«Масонские» проекции романа меньше всего связаны с обычно активно муссируемой проблемой «масоны и русская революция» и идеей разветвленной сети лож, члены которых — участники масонского «заговора» — сыграли ведущую роль в событиях Февральской революции. Мы не располагаем свидетельствами о причастности Булгакова к какой-либо ложе, хотя примеры участия писателей XX в. в тайных «братствах» не столь редки. И в постреволюционной России члены теософских, антропософских и мартинистских лож продолжали проводить собрания, однако они становились все более редкими и опасными.
Отношение Булгакова к масонству реконструируется из творчества: для писателя это культурный код, воспроизводимый им в обобщенном образе, который сложился прежде всего в литературной традиции предшествующего столетия и не был отягощен политическими наслоениями нового календарного века. Масонство могло привлекать его как направление, ставящее целью совершенствование человека с возможным на этой почве преобразованием общества. Главенствующие в идеологии масонства идеи постижения высшего смысла жизни, примата долга, идеи любви и просвещения, нравственной поддержки членов сообщества, осознавшего испорченность мира и степень нравственного падения человека, должны были импонировать Булгакову.
Условное имя безымянного художника в булгаковском романе — мастер — адекватно в масонской иерархии особому рангу достоинства — степени мастера. Вынесенное на уровень поверхностной структуры, это «масонское» имя героя может рассматриваться как сигнал присутствия в произведении «масонского» кода. Нарастающая насыщенность текста «масонскими» отсылками, высокая степень их концентрации в отдельных главах, сочетаемость с другими лейтмотивами создают впечатление нарочитого введения этого культурного кода для создания дополнительных семантических полей произведения. В свете масонских традиций могут быть рассмотрены:
— атмосфера «тайны», пронизывающая роман (ср. установку масонских сообществ на исключительную тайну, известную ограниченному кругу избранных);
— образ иерархического пути мастера как эквивалент «духовной лестницы», поиски Истины;
— инициационные акты, указывающие на эволюцию героев (ср. использование мифологемы умирающего и воскресающего божества и ее вариации в романе — от сакрально окрашенных до иронически дистанцированных или пародийных);
— ряд деталей, расширяющих «масонский» слой.

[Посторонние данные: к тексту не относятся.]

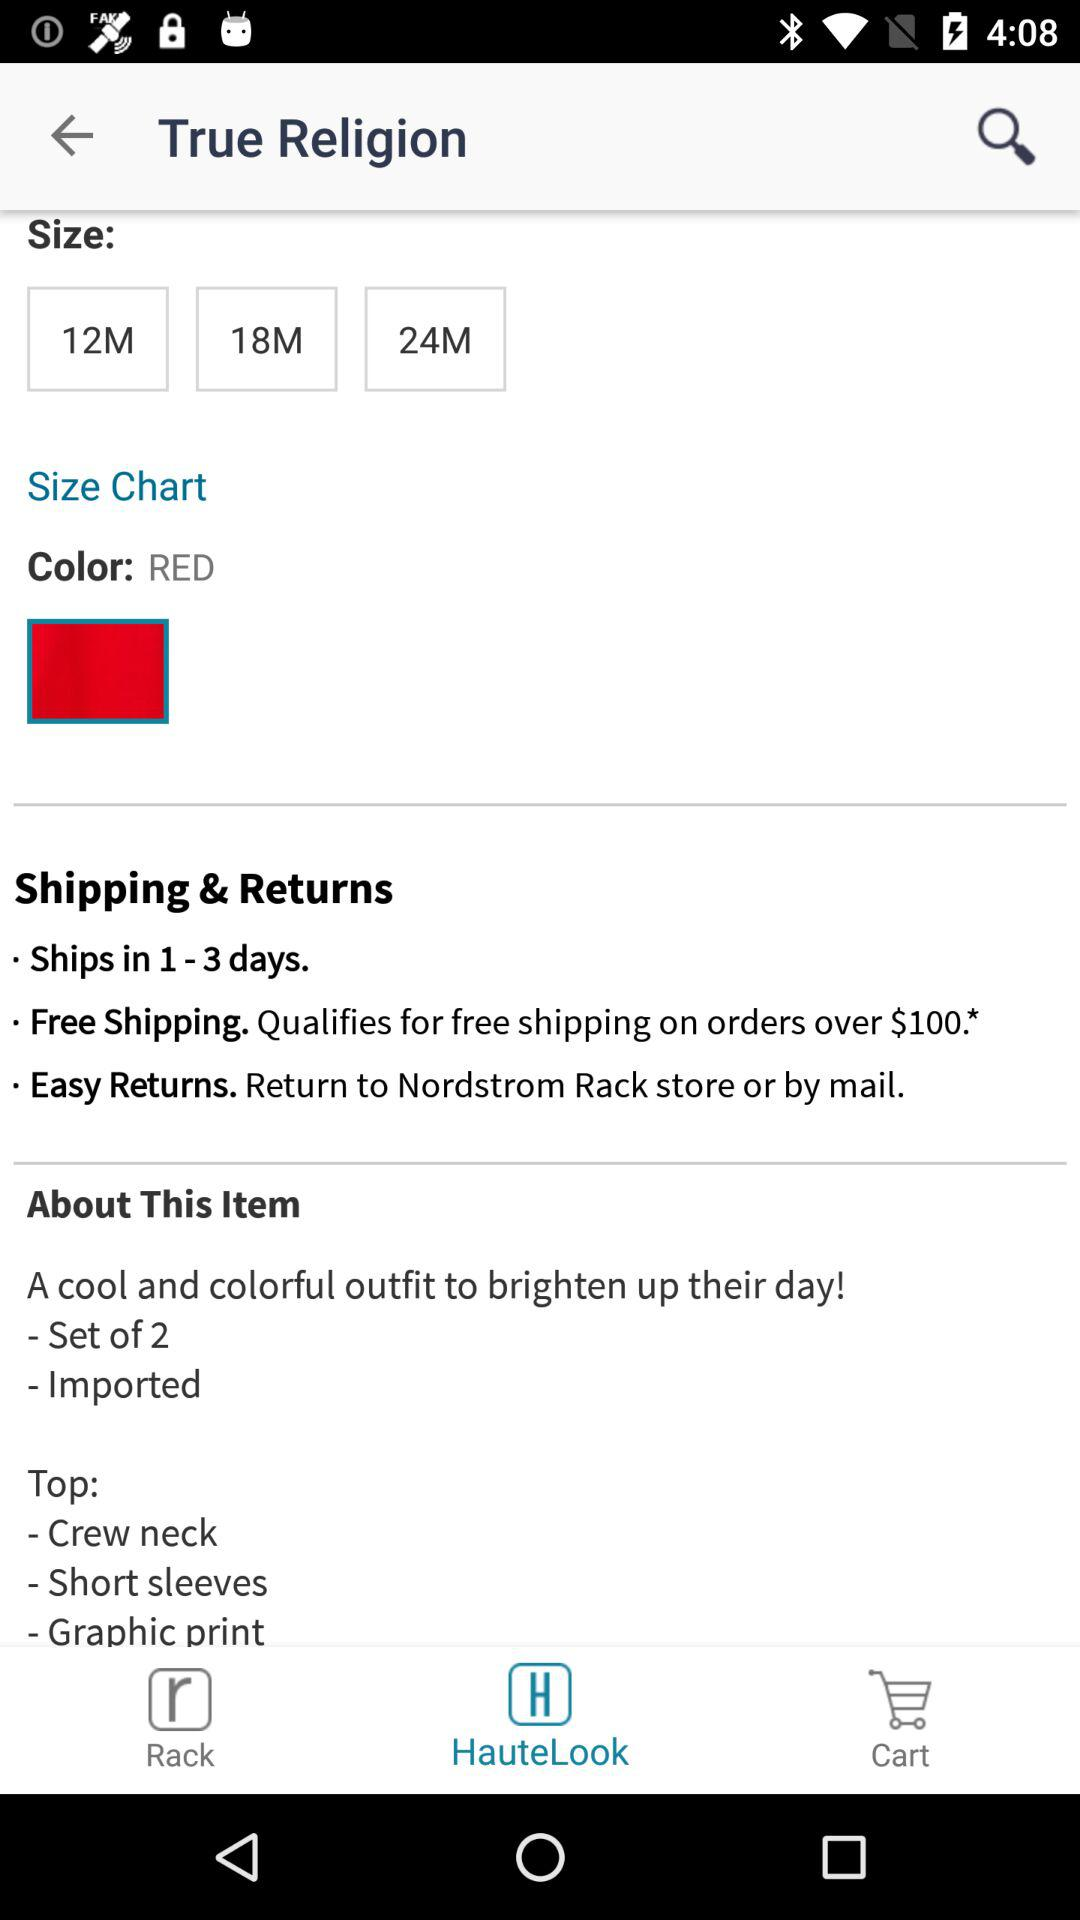What are the available sizes? The available sizes are 12M, 18M and 24M. 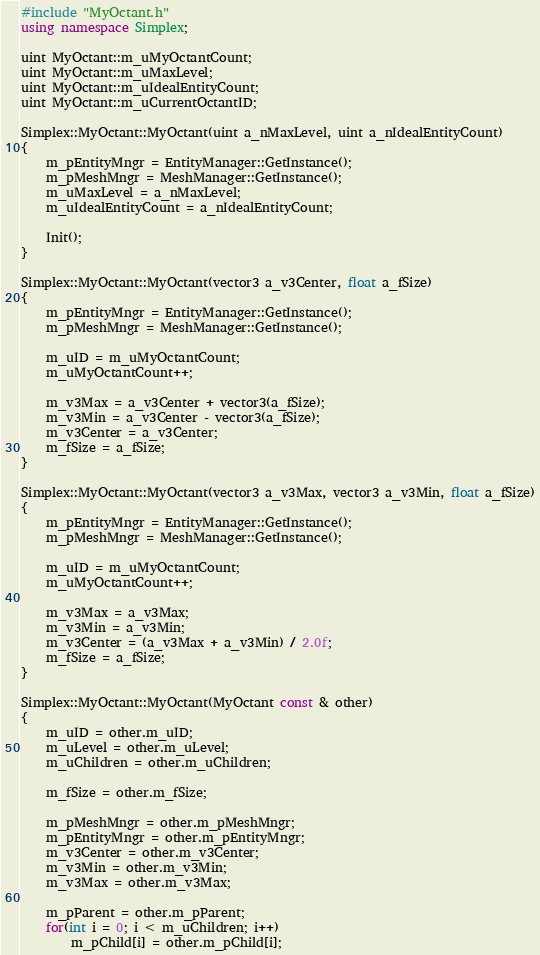Convert code to text. <code><loc_0><loc_0><loc_500><loc_500><_C++_>#include "MyOctant.h"
using namespace Simplex;

uint MyOctant::m_uMyOctantCount;
uint MyOctant::m_uMaxLevel;
uint MyOctant::m_uIdealEntityCount;
uint MyOctant::m_uCurrentOctantID;

Simplex::MyOctant::MyOctant(uint a_nMaxLevel, uint a_nIdealEntityCount)
{
	m_pEntityMngr = EntityManager::GetInstance();
	m_pMeshMngr = MeshManager::GetInstance();
	m_uMaxLevel = a_nMaxLevel;
	m_uIdealEntityCount = a_nIdealEntityCount;

	Init();
}

Simplex::MyOctant::MyOctant(vector3 a_v3Center, float a_fSize)
{
	m_pEntityMngr = EntityManager::GetInstance();
	m_pMeshMngr = MeshManager::GetInstance();

	m_uID = m_uMyOctantCount;
	m_uMyOctantCount++;

	m_v3Max = a_v3Center + vector3(a_fSize);
	m_v3Min = a_v3Center - vector3(a_fSize);
	m_v3Center = a_v3Center;
	m_fSize = a_fSize;
}

Simplex::MyOctant::MyOctant(vector3 a_v3Max, vector3 a_v3Min, float a_fSize)
{
	m_pEntityMngr = EntityManager::GetInstance();
	m_pMeshMngr = MeshManager::GetInstance();

	m_uID = m_uMyOctantCount;
	m_uMyOctantCount++;

	m_v3Max = a_v3Max;
	m_v3Min = a_v3Min;
	m_v3Center = (a_v3Max + a_v3Min) / 2.0f;
	m_fSize = a_fSize;
}

Simplex::MyOctant::MyOctant(MyOctant const & other)
{
	m_uID = other.m_uID;
	m_uLevel = other.m_uLevel;
	m_uChildren = other.m_uChildren;

	m_fSize = other.m_fSize;

	m_pMeshMngr = other.m_pMeshMngr;
	m_pEntityMngr = other.m_pEntityMngr;
	m_v3Center = other.m_v3Center;
	m_v3Min = other.m_v3Min;
	m_v3Max = other.m_v3Max;

	m_pParent = other.m_pParent;
	for(int i = 0; i < m_uChildren; i++)
		m_pChild[i] = other.m_pChild[i];
</code>

К последним можно отнести отброшенное название «Великий канцлер»; упоминание в материалах к роману «философского камня», пентаграмм и имени великого магистра тайнознания, связанного с историей розенкрейцерства, — Нострадамуса, основателя «египетского масонства» Калиостро и авантюриста Л. Таксиля, автора скандально известных книг о масонстве как «синагоге Сатаны» («Полное разоблачение франкмасонства», «Тайны франкмасонства», «Культ великого архитектора» и др.) и книги «Дьявол в XIX веке», изданной под псевдонимом Батая
В подобном контексте некоторые мотивы и реалии тоже начинают восприниматься как «масонские» (так, введение таких деталей, как кровь и чаша, дает повод увидеть в них отсылку к ритуалам иллюминатов; см.: Золотоносов 1991а: 39–41). В качестве «масонских» реалий наряду с гомункулусом и треугольником выступают золото, ключи, огонь, шпага, глобус и некоторые жесты, которые в другом контексте не воспринимались бы как окрашенные в масонские тона. Эти детали и создают целый пласт текста, придающий новую объемность и многозначность его архитектонике.
По представлениям, уходящим в глубину веков, наречение именем — акт сакральный, ибо имя непостижимым образом связано со своим носителем
В романе мы имеем дело с «маской», усиливающей ореол таинственности персонажа. Его новое «имя», адекватное одному из рангов масонства и сопутствующее последнему этапу земного пути героя — «мастер», — анаграммирует слово «смерть», отвечая основному смыслу масонской мистерии (любви к смерти, подготавливающей новое рождение). Эта анаграмма организует и пространство мастера: творчество, дар, мастерство неразрывно связаны со смертью, бессмертием и воскресением.